«Un ex démocrate chrétien dirige désormais les ex-communistes», c’est la boutade qui avait le plus de succès au comité national du Parti Démocratique qui s’est déroulé à Rome ce samedi 21 février. Et il est vrai que Dario Franceschini qui a été élu secrétaire général du parti après la démission surprise de Walter Veltroni est un pur produit de la Démocratie chrétienne (tendance progressiste, tout de même). Mais cette élection est doublement significative. Vingt ans après sa disparition comme parti dans les scandales politico-financiers et l’opération «mains propres», la DC reste omniprésente dans l’ensemble du paysage politique italien.
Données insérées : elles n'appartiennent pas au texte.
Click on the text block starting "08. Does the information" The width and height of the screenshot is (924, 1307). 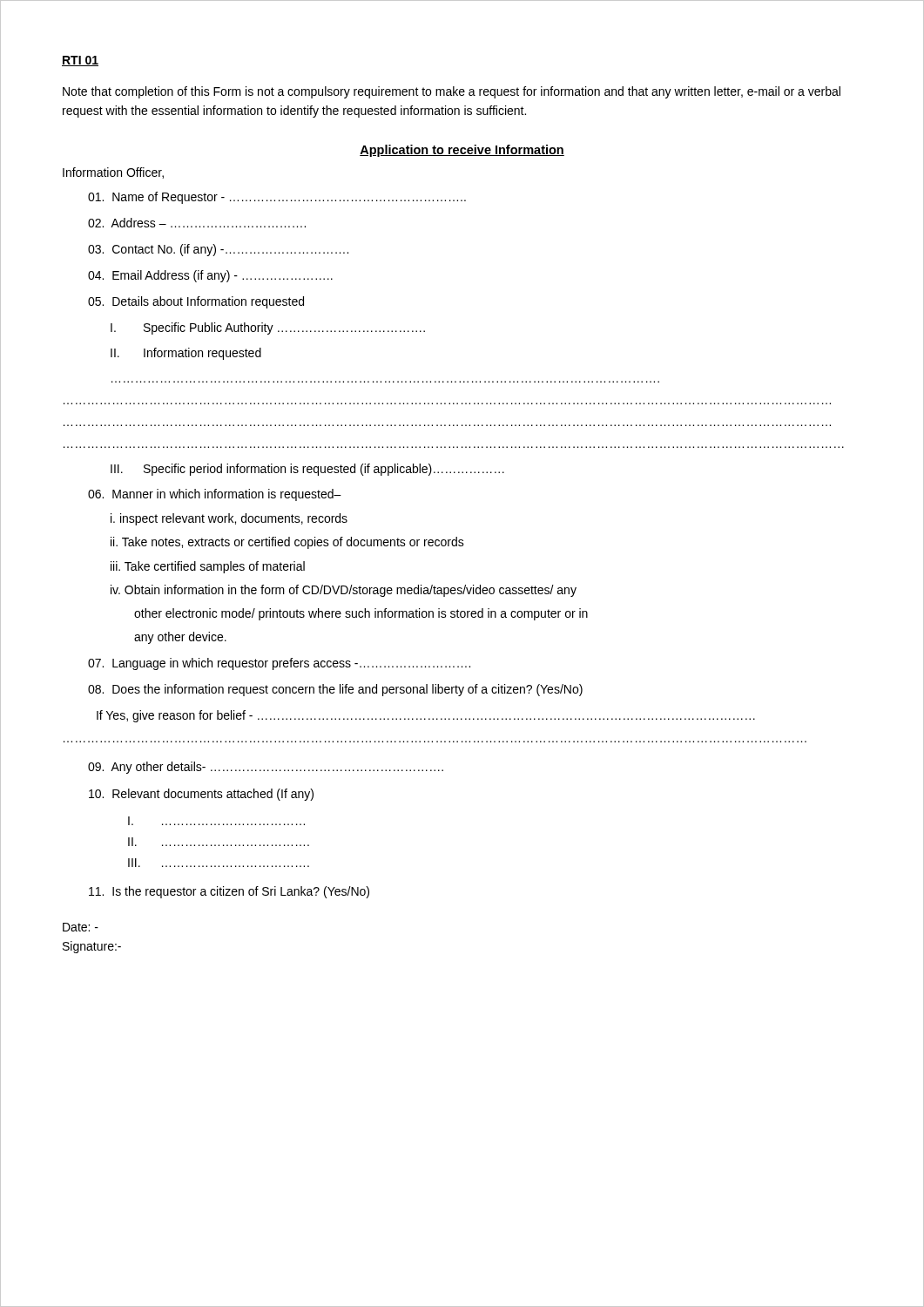(x=335, y=689)

De plus, la crise que vient de vivre le Parti Démocratique (où l’on retrouve donc les anciens communistes et les anciens démocrates chrétiens de la «Marguerite») rappelle la gestion politique de la «Baleine blanche», comme on appelait la DC, avec sa guerre des courants et des clans et sa «transversalité politique».
Walter Veltroni qui a dirigé le PD depuis sa récente naissance a vécu en seize mois un véritable enfer, enchainant les défaites électorales, des législatives de 2008 au dernières élections régionales en Sardaigne, devant régler le cas de dirigeants impliqués dans des affaires ou incapables d’affronter des crises graves, comme celle des ordures napolitaines, sans compter le sabotage interne de ceux qui ne pensaient qu’à s’en débarrasser. Veltroni disposait pourtant d’une véritable légitimité populaire puisqu’il avait été élu par trois millions et demi de citoyens lors de primaires qui avaient connu un grand succès. Mais celui que l’on surnomme «ma anche…» ( mais aussi…) n’a jamais su transformer cette légitimité en autorité, voulant — ou devant — en permanence ménager laïcs et catholiques, ex-communistes et ex-démocrates chrétiens, partisans d’une alliance avec le centre droit et ceux qui souhaitent un accord avec ce qu’il reste de la gauche plus ou moins radicale. Sans oublier les peaux de bananes de son allié, Antonio Di Pietro qui avec son «Italie des Valeurs» veut s’affirmer comme le seul adversaire résolu de Berlusconi mais n’hésite pas à surfer sur l’onde du populisme et de l’antipolitique.
En jetant l’éponge Veltroni soulève des questions beaucoup plus profondes sur la nature même du PD et sur un projet qui n’ jamais vraiment décollé. L’identité du PD reste faible pour ne pas dire inexistante, le projet hésite entre centre et centre-gauche, les différentes cultures d’origine tardent à se fondre, le positionnement européen (avec les socialistes ou les démocrates chrétiens?) n’est toujours pas fixé. Mais les dirigeants du PD ont décidé ne pas aborder ces questions avant un congrès prévu en octobre. Ils doivent, il est vrai, affronter de difficiles élections communales et européennes en juin et ont donc désigné un secrétaire général «temporaire», Dario Franceschini, l’ex-bras droit de Veltroni, qui fera ce qu’il pourra.
Les grands débats seront pour plus tard. Les dirigeants du PD ont voulu donner l’impression de se ressaisir et de refuser le suicide politique mais en attendant Berlusconi qui a beaucoup plus profondément transformé l’Italie qu’on ne le croit a encore de beaux jours devant lui. Il s’est contenté de plaisanter en faisant remarquer que depuis 1994 — d’Ochetto à Veltroni — il avait déjà «renvoyé à la maison» huit dirigeants du centre-gauche et qu’il ferait de même avec le neuvième. Sans une profonde remise en cause de sa ligne politique, de sa stratégie et de ses alliances, l’opposition n’arrivera pas à le démentir.